> **COLLECTED MATERIAL**
____
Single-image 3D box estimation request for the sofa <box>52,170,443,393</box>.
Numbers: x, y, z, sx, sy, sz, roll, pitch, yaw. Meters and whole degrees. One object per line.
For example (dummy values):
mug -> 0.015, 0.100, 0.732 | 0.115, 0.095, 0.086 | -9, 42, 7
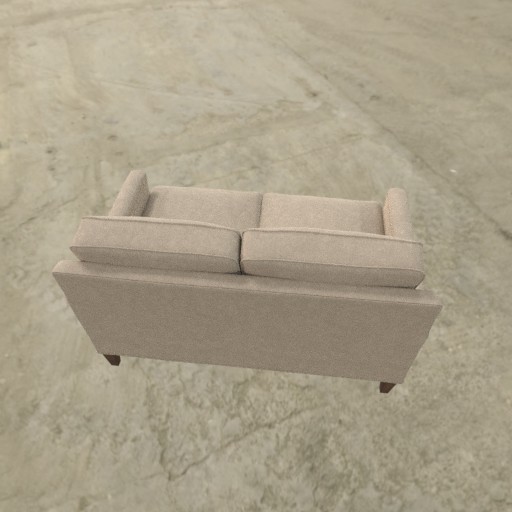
____
> **PROBLEM**
I would like you to set down the lines above, from the one containing "Numbers: x, y, z, sx, sy, sz, roll, pitch, yaw." to the final line, exactly as written and without pictures.

> **TASK OUTPUT**
Numbers: x, y, z, sx, sy, sz, roll, pitch, yaw. Meters and whole degrees. One object per line.
For example (dummy values):
mug -> 0.015, 0.100, 0.732 | 0.115, 0.095, 0.086 | -9, 42, 7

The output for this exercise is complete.